Sunday, November 16, 2008

How Not To Burst the ‘Hope’ Bubble

Whilst treating my patient with pernickety tendencies on my gerontology patient, I was frequently asked to assist one of the physios in treating a man with a dense L MCA. He was originally from the former Republic of Yugoslavia (from an area that is now part of Croatia) and spoke little English. As a result he was impulsive as he couldn’t understand us, and his family frequently came in to translate. This proved difficult too, as he was easily distracted by his loved ones and treatment could be a bit challenging.

One session the physio and the physio assistant were doing gait retraining with him, and he was ambulating with a walking stick. His daughter was watching in absolute amazement, and was almost in tears. She began to explain to me that when he was originally admitted to ED and then ICU, the doctors told them that he was going to die. When he spoke up and was being weaned off the ventilator, the doctors said that he was going to be a vegetable and would need to be in a nursing home. Later during rehab, they were told he’d never walk again. She then told me that back in Croatia the medical staff would never do this, rather they would say that they didn’t know what would happen and that there were multiple outcomes. For her, after being told her father would die, this was a miracle and that we, the physios, were her father’s saviours.
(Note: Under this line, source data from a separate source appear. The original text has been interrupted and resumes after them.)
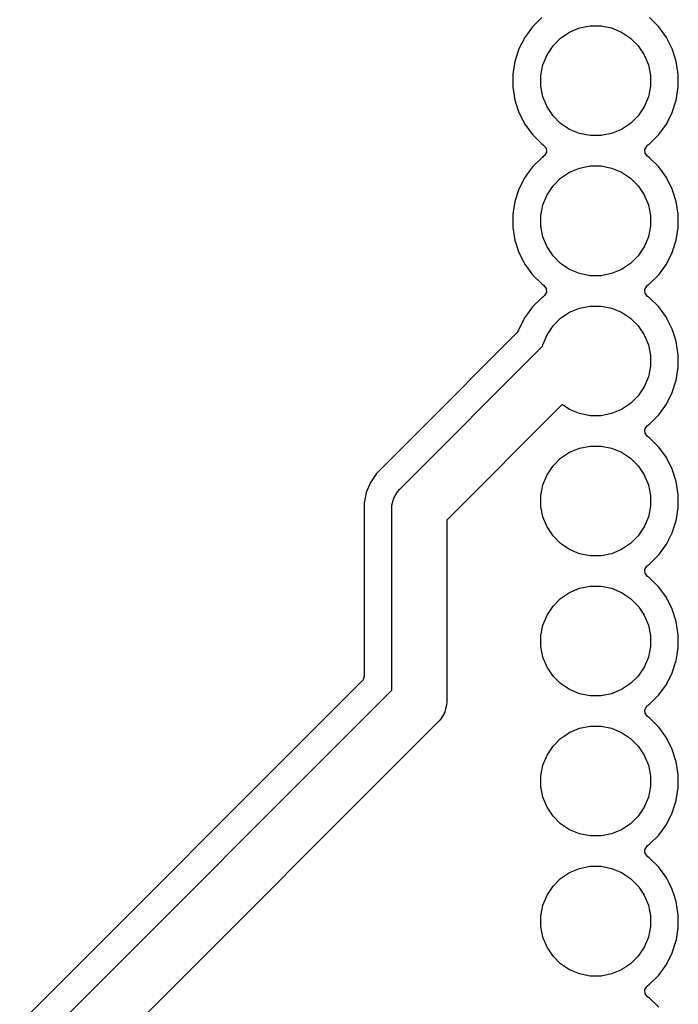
# Model space of a CAD drawing. Extents: x 76 to 132.5, y -132.9 to -75.9.
# Tile 4 of 8: x 104.2 to 116.2, y -116 to -98.1. Entities that reach past the tile are written whole.
import ezdxf

# ---------------------------------------------------------------- set-up
doc = ezdxf.new("R2010")
doc.units = 0
doc.layers.add('BLACK', color=7, linetype='CONTINUOUS')

msp = doc.modelspace()

# ---------------------------------------------------------------- linework, layer by layer
at = {"layer": 'BLACK', "linetype": 'CONTINUOUS'}
for p, q in [((113.722488, -98.095484), (113.555485, -98.262487)), ((115.844517, -98.26249), (115.67751, -98.095483)), ((113.495862, -98.34455), (113.416657, -98.453566)), ((113.555483, -98.26249), (113.495862, -98.34455)), ((113.555485, -98.262488), (113.555483, -98.26249)), ((113.555485, -98.262487), (113.555485, -98.262488)), ((114.065607, -98.46699), (114.228603, -98.358079)), ((114.228603, -98.358079), (114.409715, -98.28306)), ((114.409715, -98.28306), (114.601983, -98.244815)), ((114.601983, -98.244815), (114.798017, -98.244815)), ((114.798017, -98.244815), (114.990285, -98.28306)), ((114.990285, -98.28306), (115.171397, -98.358079)), ((115.171397, -98.358079), (115.334393, -98.46699)), ((115.983342, -98.453566), (115.844517, -98.26249)), ((113.416657, -98.453566), (113.309433, -98.664003)), ((113.92699, -98.605607), (114.065607, -98.46699)), ((115.334393, -98.46699), (115.47301, -98.605607)), ((116.090566, -98.664003), (115.983342, -98.453566)), ((113.309433, -98.664003), (113.236446, -98.888631)), ((113.818079, -98.768603), (113.92699, -98.605607)), ((115.47301, -98.605607), (115.581921, -98.768603)), ((116.090566, -98.664005), (116.090566, -98.664003)), ((116.090568, -98.664008), (116.090566, -98.664005)), ((116.107568, -98.716328), (116.090568, -98.664008)), ((116.163553, -98.888631), (116.107568, -98.716328)), ((113.236446, -98.888631), (113.1995, -99.121902)), ((113.74306, -98.949715), (113.818079, -98.768603)), ((115.581921, -98.768603), (115.65694, -98.949715)), ((116.2005, -99.121902), (116.163553, -98.888631)), ((113.704815, -99.141983), (113.74306, -98.949715)), ((115.65694, -98.949715), (115.695185, -99.141983)), ((113.1995, -99.121902), (113.1995, -99.358097)), ((113.704815, -99.338017), (113.704815, -99.141983)), ((115.695185, -99.141983), (115.695185, -99.338017)), ((116.2005, -99.358097), (116.2005, -99.121902)), ((113.1995, -99.358097), (113.236446, -99.591368)), ((113.74306, -99.530285), (113.704815, -99.338017)), ((115.695185, -99.338017), (115.65694, -99.530285)), ((116.163553, -99.591368), (116.2005, -99.358097)), ((113.236446, -99.591368), (113.309433, -99.815996)), ((113.818079, -99.711397), (113.74306, -99.530285)), ((115.65694, -99.530285), (115.581921, -99.711397)), ((116.090568, -99.815992), (116.163553, -99.591368)), ((113.92699, -99.874393), (113.818079, -99.711397)), ((115.581921, -99.711397), (115.47301, -99.874393)), ((113.309433, -99.815996), (113.416657, -100.026433)), ((114.065607, -100.01301), (113.92699, -99.874393)), ((115.47301, -99.874393), (115.334393, -100.01301)), ((115.983343, -100.026433), (116.090568, -99.815992)), ((113.416657, -100.026433), (113.555483, -100.21751)), ((114.228603, -100.121921), (114.065607, -100.01301)), ((114.409715, -100.19694), (114.228603, -100.121921)), ((115.171397, -100.121921), (114.990285, -100.19694)), ((115.334393, -100.01301), (115.171397, -100.121921)), ((115.844517, -100.21751), (115.983343, -100.026433)), ((113.555483, -100.21751), (113.72249, -100.384517)), ((114.601983, -100.235185), (114.409715, -100.19694)), ((114.798017, -100.235185), (114.601983, -100.235185)), ((114.990285, -100.19694), (114.798017, -100.235185)), ((115.67751, -100.384517), (115.844517, -100.21751)), ((113.72249, -100.384517), (113.757127, -100.409683)), ((113.757127, -100.409683), (113.799792, -100.465013)), ((113.799792, -100.465013), (113.805771, -100.534626)), ((115.594228, -100.485375), (115.626833, -100.42358)), ((115.600207, -100.554989), (115.594228, -100.485375)), ((115.626833, -100.42358), (115.642873, -100.409682)), ((115.642873, -100.409682), (115.67751, -100.384517)), ((113.722488, -100.635484), (113.555485, -100.802487)), ((113.739365, -100.623222), (113.722488, -100.635484)), ((113.75713, -100.610315), (113.739365, -100.623222)), ((113.773165, -100.596421), (113.75713, -100.610315)), ((113.805771, -100.534626), (113.773165, -100.596421)), ((115.642872, -100.610317), (115.600207, -100.554989)), ((115.67751, -100.635483), (115.642872, -100.610317)), ((115.844517, -100.80249), (115.67751, -100.635483)), ((113.521328, -100.8495), (113.416657, -100.993566)), ((113.555483, -100.80249), (113.521328, -100.8495)), ((113.555485, -100.802488), (113.555483, -100.80249)), ((113.555485, -100.802487), (113.555485, -100.802488)), ((114.228603, -100.898079), (114.409715, -100.82306)), ((114.409715, -100.82306), (114.601983, -100.784815)), ((114.601983, -100.784815), (114.798017, -100.784815)), ((114.798017, -100.784815), (114.990285, -100.82306)), ((114.990285, -100.82306), (115.171397, -100.898079)), ((115.983342, -100.993566), (115.844517, -100.80249)), ((113.416657, -100.993566), (113.309433, -101.204003)), ((113.92699, -101.145607), (114.065607, -101.00699)), ((114.065607, -101.00699), (114.228603, -100.898079)), ((115.171397, -100.898079), (115.334393, -101.00699)), ((115.334393, -101.00699), (115.47301, -101.145607)), ((116.090566, -101.204003), (115.983342, -100.993566)), ((113.309433, -101.204003), (113.236446, -101.428631)), ((113.818079, -101.308603), (113.92699, -101.145607)), ((115.47301, -101.145607), (115.581921, -101.308603)), ((116.090566, -101.204005), (116.090566, -101.204003)), ((116.090568, -101.204008), (116.090566, -101.204005)), ((116.108521, -101.259263), (116.090568, -101.204008)), ((113.74306, -101.489715), (113.818079, -101.308603)), ((115.581921, -101.308603), (115.65694, -101.489715)), ((116.163553, -101.428631), (116.108521, -101.259263)), ((113.236446, -101.428631), (113.1995, -101.661902)), ((113.704815, -101.681983), (113.74306, -101.489715)), ((115.65694, -101.489715), (115.695185, -101.681983)), ((116.2005, -101.661902), (116.163553, -101.428631)), ((113.1995, -101.661902), (113.1995, -101.898097)), ((113.704815, -101.878017), (113.704815, -101.681983)), ((115.695185, -101.681983), (115.695185, -101.878017)), ((116.2005, -101.898097), (116.2005, -101.661902)), ((113.1995, -101.898097), (113.236446, -102.131368)), ((113.74306, -102.070285), (113.704815, -101.878017)), ((115.695185, -101.878017), (115.65694, -102.070285)), ((116.163553, -102.131368), (116.2005, -101.898097)), ((113.818079, -102.251397), (113.74306, -102.070285)), ((115.65694, -102.070285), (115.581921, -102.251397)), ((113.236446, -102.131368), (113.309433, -102.355996)), ((113.92699, -102.414393), (113.818079, -102.251397)), ((115.581921, -102.251397), (115.47301, -102.414393)), ((116.090568, -102.355992), (116.163553, -102.131368)), ((113.309433, -102.355996), (113.416657, -102.566433)), ((114.065607, -102.55301), (113.92699, -102.414393)), ((115.47301, -102.414393), (115.334393, -102.55301)), ((115.983343, -102.566433), (116.090568, -102.355992)), ((113.416657, -102.566433), (113.555483, -102.75751)), ((114.228603, -102.661921), (114.065607, -102.55301)), ((114.409715, -102.73694), (114.228603, -102.661921)), ((115.171397, -102.661921), (114.990285, -102.73694)), ((115.334393, -102.55301), (115.171397, -102.661921)), ((115.844517, -102.75751), (115.983343, -102.566433)), ((113.555483, -102.75751), (113.72249, -102.924517)), ((114.601983, -102.775185), (114.409715, -102.73694)), ((114.798017, -102.775185), (114.601983, -102.775185)), ((114.990285, -102.73694), (114.798017, -102.775185)), ((115.67751, -102.924517), (115.844517, -102.75751)), ((113.72249, -102.924517), (113.757127, -102.949683)), ((113.757127, -102.949683), (113.799792, -103.005013)), ((113.799792, -103.005013), (113.805771, -103.074626)), ((115.594228, -103.025375), (115.626833, -102.96358)), ((115.626833, -102.96358), (115.642873, -102.949682)), ((115.642873, -102.949682), (115.67751, -102.924517)), ((113.722488, -103.175484), (113.555485, -103.342487)), ((113.739365, -103.163222), (113.722488, -103.175484)), ((113.75713, -103.150315), (113.739365, -103.163222)), ((113.773165, -103.136421), (113.75713, -103.150315)), ((113.805771, -103.074626), (113.773165, -103.136421)), ((115.600207, -103.094989), (115.594228, -103.025375)), ((115.642872, -103.150317), (115.600207, -103.094989)), ((115.67751, -103.175483), (115.642872, -103.150317)), ((115.844517, -103.34249), (115.67751, -103.175483)), ((113.555483, -103.34249), (113.495862, -103.42455)), ((113.555485, -103.342488), (113.555483, -103.34249)), ((113.555485, -103.342487), (113.555485, -103.342488)), ((114.228603, -103.438079), (114.409715, -103.36306)), ((114.409715, -103.36306), (114.601983, -103.324815)), ((114.601983, -103.324815), (114.798017, -103.324815)), ((114.798017, -103.324815), (114.990285, -103.36306)), ((114.990285, -103.36306), (115.171397, -103.438079)), ((115.983343, -103.533567), (115.844517, -103.34249)), ((113.416657, -103.533566), (113.30943, -103.744011)), ((113.495862, -103.42455), (113.416657, -103.533566)), ((113.92699, -103.685607), (114.065607, -103.54699)), ((114.065607, -103.54699), (114.228603, -103.438079)), ((115.171397, -103.438079), (115.334393, -103.54699)), ((115.334393, -103.54699), (115.47301, -103.685607)), ((115.999982, -103.566223), (115.983343, -103.533567)), ((113.818079, -103.848603), (113.92699, -103.685607)), ((115.47301, -103.685607), (115.581921, -103.848603)), ((116.090566, -103.744003), (115.999982, -103.566223)), ((113.273153, -103.811924), (111.45009, -105.634989)), ((113.303402, -103.762565), (113.273153, -103.811924)), ((113.30943, -103.744011), (113.303402, -103.762565)), ((113.74306, -104.029715), (113.818079, -103.848603)), ((115.581921, -103.848603), (115.65694, -104.029715)), ((116.090566, -103.744005), (116.090566, -103.744003)), ((116.090568, -103.744008), (116.090566, -103.744005)), ((116.112635, -103.811924), (116.090568, -103.744008)), ((116.163553, -103.968631), (116.112635, -103.811924)), ((111.146447, -106.646447), (113.738064, -104.054828)), ((113.738064, -104.054828), (113.74306, -104.029715)), ((115.65694, -104.029715), (115.695185, -104.221983)), ((116.2005, -104.201902), (116.163553, -103.968631)), ((115.695185, -104.221983), (115.695185, -104.418017)), ((116.2005, -104.438097), (116.2005, -104.201902)), ((115.695185, -104.418017), (115.65694, -104.610285)), ((116.163553, -104.671368), (116.2005, -104.438097)), ((115.65694, -104.610285), (115.581921, -104.791397)), ((115.581921, -104.791397), (115.47301, -104.954393)), ((116.090568, -104.895992), (116.163553, -104.671368)), ((115.47301, -104.954393), (115.334393, -105.09301)), ((115.983343, -105.106433), (116.090568, -104.895992)), ((114.094674, -105.112432), (112, -107.207106)), ((114.228603, -105.201921), (114.094674, -105.112432)), ((115.334393, -105.09301), (115.171397, -105.201921)), ((115.844517, -105.29751), (115.983343, -105.106433)), ((114.409715, -105.27694), (114.228603, -105.201921)), ((114.601983, -105.315185), (114.409715, -105.27694)), ((114.798017, -105.315185), (114.601983, -105.315185)), ((114.990285, -105.27694), (114.798017, -105.315185)), ((115.171397, -105.201921), (114.990285, -105.27694)), ((115.67751, -105.464517), (115.844517, -105.29751)), ((115.594228, -105.565375), (115.626833, -105.50358)), ((115.626833, -105.50358), (115.642873, -105.489682)), ((115.642873, -105.489682), (115.67751, -105.464517)), ((111.45009, -105.634989), (110.86222, -106.222859)), ((115.600207, -105.634989), (115.594228, -105.565375)), ((115.642872, -105.690317), (115.600207, -105.634989)), ((115.67751, -105.715483), (115.642872, -105.690317)), ((114.409715, -105.90306), (114.601983, -105.864815)), ((114.601983, -105.864815), (114.798017, -105.864815)), ((114.798017, -105.864815), (114.990285, -105.90306)), ((115.844517, -105.88249), (115.67751, -105.715483)), ((114.065607, -106.08699), (114.228603, -105.978079)), ((114.228603, -105.978079), (114.409715, -105.90306)), ((114.990285, -105.90306), (115.171397, -105.978079)), ((115.171397, -105.978079), (115.334393, -106.08699)), ((115.983342, -106.073566), (115.844517, -105.88249)), ((110.862218, -106.222861), (110.807939, -106.27714)), ((110.86222, -106.222859), (110.862218, -106.222861)), ((113.818079, -106.388603), (113.92699, -106.225607)), ((113.92699, -106.225607), (114.065607, -106.08699)), ((115.334393, -106.08699), (115.47301, -106.225607)), ((115.47301, -106.225607), (115.581921, -106.388603)), ((116.090566, -106.284003), (115.983342, -106.073566)), ((110.722859, -106.362219), (110.613371, -106.526079)), ((110.807939, -106.27714), (110.722859, -106.362219)), ((113.74306, -106.569715), (113.818079, -106.388603)), ((115.581921, -106.388603), (115.65694, -106.569715)), ((116.163553, -106.508631), (116.090566, -106.284003)), ((110.613364, -106.526092), (110.53795, -106.70816)), ((110.613371, -106.526079), (110.613364, -106.526092)), ((113.704815, -106.761983), (113.74306, -106.569715)), ((115.65694, -106.569715), (115.695185, -106.761983)), ((116.2005, -106.741902), (116.163553, -106.508631)), ((110.537947, -106.70817), (110.4995, -106.901456)), ((110.53795, -106.70816), (110.537947, -106.70817)), ((111.03806, -106.808658), (111.103323, -106.695619)), ((111.103323, -106.695619), (111.103338, -106.695603)), ((111.103338, -106.695603), (111.146447, -106.646447)), ((113.704815, -106.958017), (113.704815, -106.761983)), ((115.695185, -106.761983), (115.695185, -106.958017)), ((116.2005, -106.978097), (116.2005, -106.741902)), ((110.4995, -106.901456), (110.4995, -110.034217)), ((111, -107), (111.004277, -106.934752)), ((111.004277, -106.934737), (111.03806, -106.808658)), ((111.004277, -106.934752), (111.004277, -106.934737)), ((111, -110.292893), (111, -107)), ((113.74306, -107.150285), (113.704815, -106.958017)), ((115.695185, -106.958017), (115.65694, -107.150285)), ((116.173137, -107.150858), (116.2005, -106.978097)), ((112, -107.207106), (112, -110.5)), ((113.818079, -107.331397), (113.74306, -107.150285)), ((115.65694, -107.150285), (115.581921, -107.331397)), ((116.090568, -107.435992), (116.163553, -107.211368)), ((116.163553, -107.211368), (116.173137, -107.150858)), ((113.92699, -107.494393), (113.818079, -107.331397)), ((115.581921, -107.331397), (115.47301, -107.494393)), ((115.983343, -107.646433), (116.090568, -107.435992)), ((114.065607, -107.63301), (113.92699, -107.494393)), ((114.228603, -107.741921), (114.065607, -107.63301)), ((115.334393, -107.63301), (115.171397, -107.741921)), ((115.47301, -107.494393), (115.334393, -107.63301)), ((115.844517, -107.83751), (115.983343, -107.646433)), ((114.409715, -107.81694), (114.228603, -107.741921)), ((114.601983, -107.855185), (114.409715, -107.81694)), ((114.990285, -107.81694), (114.798017, -107.855185)), ((115.171397, -107.741921), (114.990285, -107.81694)), ((115.67751, -108.004517), (115.844517, -107.83751)), ((114.798017, -107.855185), (114.601983, -107.855185)), ((115.642873, -108.029682), (115.67751, -108.004517)), ((115.594228, -108.105375), (115.626833, -108.04358)), ((115.600207, -108.174989), (115.594228, -108.105375)), ((115.642872, -108.230317), (115.600207, -108.174989)), ((115.626833, -108.04358), (115.642873, -108.029682)), ((115.67751, -108.255483), (115.642872, -108.230317)), ((115.844517, -108.42249), (115.67751, -108.255483)), ((114.065607, -108.62699), (114.228603, -108.518079)), ((114.228603, -108.518079), (114.409715, -108.44306)), ((114.409715, -108.44306), (114.601983, -108.404815)), ((114.601983, -108.404815), (114.798017, -108.404815)), ((114.798017, -108.404815), (114.990285, -108.44306)), ((114.990285, -108.44306), (115.171397, -108.518079)), ((115.171397, -108.518079), (115.334393, -108.62699)), ((115.983342, -108.613566), (115.844517, -108.42249)), ((113.92699, -108.765607), (114.065607, -108.62699)), ((115.334393, -108.62699), (115.47301, -108.765607)), ((116.090566, -108.824003), (115.983342, -108.613566)), ((113.818079, -108.928603), (113.92699, -108.765607)), ((115.47301, -108.765607), (115.581921, -108.928603)), ((116.163553, -109.048631), (116.090566, -108.824003)), ((113.74306, -109.109715), (113.818079, -108.928603)), ((115.581921, -108.928603), (115.65694, -109.109715)), ((116.2005, -109.281902), (116.163553, -109.048631)), ((113.704815, -109.301983), (113.74306, -109.109715)), ((115.65694, -109.109715), (115.695185, -109.301983)), ((113.704815, -109.498017), (113.704815, -109.301983)), ((115.695185, -109.301983), (115.695185, -109.498017)), ((116.2005, -109.518097), (116.2005, -109.281902)), ((113.74306, -109.690285), (113.704815, -109.498017)), ((115.695185, -109.498017), (115.65694, -109.690285)), ((116.18041, -109.644937), (116.2005, -109.518097)), ((113.818079, -109.871397), (113.74306, -109.690285)), ((115.65694, -109.690285), (115.581921, -109.871397)), ((116.090568, -109.975992), (116.163553, -109.751368)), ((116.163553, -109.751368), (116.18041, -109.644937)), ((113.92699, -110.034393), (113.818079, -109.871397)), ((115.581921, -109.871397), (115.47301, -110.034393)), ((115.983343, -110.186433), (116.090568, -109.975992)), ((110.463181, -110.121898), (94.621899, -125.963181)), ((110.479815, -110.101256), (110.463181, -110.121898)), ((110.4995, -110.034217), (110.479815, -110.101256)), ((114.065607, -110.17301), (113.92699, -110.034393)), ((115.47301, -110.034393), (115.334393, -110.17301)), ((94.792894, -126.5), (111, -110.292893)), ((114.228603, -110.281921), (114.065607, -110.17301)), ((114.409715, -110.35694), (114.228603, -110.281921)), ((115.171397, -110.281921), (114.990285, -110.35694)), ((115.334393, -110.17301), (115.171397, -110.281921)), ((115.844517, -110.37751), (115.983343, -110.186433)), ((112, -110.5), (111.995723, -110.565247)), ((114.601983, -110.395185), (114.409715, -110.35694)), ((114.798017, -110.395185), (114.601983, -110.395185)), ((114.990285, -110.35694), (114.798017, -110.395185)), ((115.67751, -110.544517), (115.844517, -110.37751)), ((111.96194, -110.691342), (111.896677, -110.804381)), ((111.971234, -110.656657), (111.96194, -110.691342)), ((111.995723, -110.565263), (111.971234, -110.656657)), ((111.995723, -110.565247), (111.995723, -110.565263)), ((115.594228, -110.645375), (115.626833, -110.58358)), ((115.600207, -110.714989), (115.594228, -110.645375)), ((115.626833, -110.58358), (115.642873, -110.569682)), ((115.642873, -110.569682), (115.67751, -110.544517)), ((111.853554, -110.853553), (95.353553, -127.353553)), ((111.896661, -110.804396), (111.853554, -110.853553)), ((111.896677, -110.804381), (111.896661, -110.804396)), ((115.642872, -110.770317), (115.600207, -110.714989)), ((115.67751, -110.795483), (115.642872, -110.770317)), ((115.844517, -110.96249), (115.67751, -110.795483)), ((114.228603, -111.058079), (114.409715, -110.98306)), ((114.409715, -110.98306), (114.601983, -110.944815)), ((114.601983, -110.944815), (114.798017, -110.944815)), ((114.798017, -110.944815), (114.990285, -110.98306)), ((114.990285, -110.98306), (115.171397, -111.058079)), ((115.971875, -111.137783), (115.844517, -110.96249)), ((113.92699, -111.305607), (114.065607, -111.16699)), ((114.065607, -111.16699), (114.228603, -111.058079)), ((115.171397, -111.058079), (115.334393, -111.16699)), ((115.334393, -111.16699), (115.47301, -111.305607)), ((115.983342, -111.153566), (115.971875, -111.137783)), ((116.090566, -111.364003), (115.983342, -111.153566)), ((113.818079, -111.468603), (113.92699, -111.305607)), ((115.47301, -111.305607), (115.581921, -111.468603)), ((116.163553, -111.588631), (116.090566, -111.364003)), ((113.74306, -111.649715), (113.818079, -111.468603)), ((115.581921, -111.468603), (115.65694, -111.649715)), ((116.2005, -111.821902), (116.163553, -111.588631)), ((113.704815, -111.841983), (113.74306, -111.649715)), ((115.65694, -111.649715), (115.695185, -111.841983)), ((113.704815, -112.038017), (113.704815, -111.841983)), ((115.695185, -111.841983), (115.695185, -112.038017)), ((116.2005, -112.058097), (116.2005, -111.821902)), ((113.74306, -112.230285), (113.704815, -112.038017)), ((115.695185, -112.038017), (115.65694, -112.230285)), ((116.164094, -112.287954), (116.2005, -112.058097)), ((113.818079, -112.411397), (113.74306, -112.230285)), ((115.65694, -112.230285), (115.581921, -112.411397)), ((116.090568, -112.515992), (116.163553, -112.291368)), ((116.163553, -112.291368), (116.164094, -112.287954)), ((113.92699, -112.574393), (113.818079, -112.411397)), ((115.581921, -112.411397), (115.47301, -112.574393)), ((114.065607, -112.71301), (113.92699, -112.574393)), ((115.47301, -112.574393), (115.334393, -112.71301)), ((115.983343, -112.726433), (116.090568, -112.515992)), ((114.228603, -112.821921), (114.065607, -112.71301)), ((114.409715, -112.89694), (114.228603, -112.821921)), ((115.171397, -112.821921), (114.990285, -112.89694)), ((115.334393, -112.71301), (115.171397, -112.821921)), ((115.844517, -112.91751), (115.983343, -112.726433)), ((114.601983, -112.935185), (114.409715, -112.89694)), ((114.798017, -112.935185), (114.601983, -112.935185)), ((114.990285, -112.89694), (114.798017, -112.935185)), ((115.67751, -113.084517), (115.844517, -112.91751)), ((115.594228, -113.185375), (115.626833, -113.12358)), ((115.600207, -113.254989), (115.594228, -113.185375)), ((115.626833, -113.12358), (115.642873, -113.109682)), ((115.642873, -113.109682), (115.67751, -113.084517)), ((115.642872, -113.310317), (115.600207, -113.254989)), ((115.67751, -113.335483), (115.642872, -113.310317)), ((115.844517, -113.50249), (115.67751, -113.335483)), ((114.228603, -113.598079), (114.409715, -113.52306)), ((114.409715, -113.52306), (114.601983, -113.484815)), ((114.601983, -113.484815), (114.798017, -113.484815)), ((114.798017, -113.484815), (114.990285, -113.52306)), ((114.990285, -113.52306), (115.171397, -113.598079)), ((115.983343, -113.693567), (115.844517, -113.50249)), ((113.92699, -113.845607), (114.065607, -113.70699)), ((114.065607, -113.70699), (114.228603, -113.598079)), ((115.171397, -113.598079), (115.334393, -113.70699)), ((115.334393, -113.70699), (115.47301, -113.845607)), ((116.034002, -113.792991), (115.983343, -113.693567)), ((113.818079, -114.008603), (113.92699, -113.845607)), ((115.47301, -113.845607), (115.581921, -114.008603)), ((116.090566, -113.904003), (116.034002, -113.792991)), ((116.090566, -113.904005), (116.090566, -113.904003)), ((116.090568, -113.904008), (116.090566, -113.904005)), ((116.129689, -114.024412), (116.090568, -113.904008)), ((113.74306, -114.189715), (113.818079, -114.008603)), ((115.581921, -114.008603), (115.65694, -114.189715)), ((116.163553, -114.128631), (116.129689, -114.024412)), ((113.704815, -114.381983), (113.74306, -114.189715)), ((115.65694, -114.189715), (115.695185, -114.381983)), ((116.2005, -114.361902), (116.163553, -114.128631)), ((113.704815, -114.578017), (113.704815, -114.381983)), ((115.695185, -114.381983), (115.695185, -114.578017)), ((116.2005, -114.598097), (116.2005, -114.361902)), ((113.74306, -114.770285), (113.704815, -114.578017)), ((115.695185, -114.578017), (115.65694, -114.770285)), ((116.166552, -114.812434), (116.2005, -114.598097)), ((113.818079, -114.951397), (113.74306, -114.770285)), ((115.65694, -114.770285), (115.581921, -114.951397)), ((113.92699, -115.114393), (113.818079, -114.951397)), ((115.581921, -114.951397), (115.47301, -115.114393)), ((116.090568, -115.055992), (116.163553, -114.831368)), ((116.163553, -114.831368), (116.166552, -114.812434)), ((114.065607, -115.25301), (113.92699, -115.114393)), ((115.47301, -115.114393), (115.334393, -115.25301)), ((115.983343, -115.266433), (116.090568, -115.055992)), ((114.228603, -115.361921), (114.065607, -115.25301)), ((115.334393, -115.25301), (115.171397, -115.361921)), ((115.844517, -115.45751), (115.983343, -115.266433)), ((114.409715, -115.43694), (114.228603, -115.361921)), ((114.601983, -115.475185), (114.409715, -115.43694)), ((114.798017, -115.475185), (114.601983, -115.475185)), ((114.990285, -115.43694), (114.798017, -115.475185)), ((115.171397, -115.361921), (114.990285, -115.43694)), ((115.67751, -115.624517), (115.844517, -115.45751)), ((115.594228, -115.725375), (115.626833, -115.66358)), ((115.626833, -115.66358), (115.642873, -115.649682)), ((115.642873, -115.649682), (115.67751, -115.624517)), ((115.600207, -115.794989), (115.594228, -115.725375)), ((115.642872, -115.850317), (115.600207, -115.794989)), ((115.67751, -115.875483), (115.642872, -115.850317)), ((115.844517, -116.04249), (115.67751, -115.875483))]:
    msp.add_line(p, q, dxfattribs=at)

doc.saveas('drawing.dxf')

Thinking about this later on, I felt that perhaps the medical staff were being criticised a bit heavily because in Australia doctors tend to prepare families for the worst so that the shock is reduced if the worst does happen. However, I think that as medical and allied health professionals, we should be realistic and not give false hope but never eliminate hope. If you handle it in the most pragmatic and blunt way possible, patients and their families feel they are given no options when that isn't necessarily the case. Issues such as this need to be handled which the utmost care and sensitivity, because you never know when someone may give this news to you.

1 comment:

Anonymous said...

I completely agree. A stroke patient on my neuro placement who was being treated by my supervisor, had a couple of seizures. His wife was told after by the doctor that he probably wouldn't be able to walk again and would be discharged wheelchair bound rather than once he could walk independently or with an aid which was the previous aim. This absolutely devastated an already emotionally fragile woman, still trying to come to terms with her husband having a stroke. However the patient was up and walking with assistance in a week. So I think as health profesionals we should not deal in definites, not crush hope as you say but maybe instead let family members know worst as well as best case scenario. Simply state that the functional aims haven't changed they just might not be as attainable or realistic as they once were and that compensations or other functional aims may have to be introduced in the future.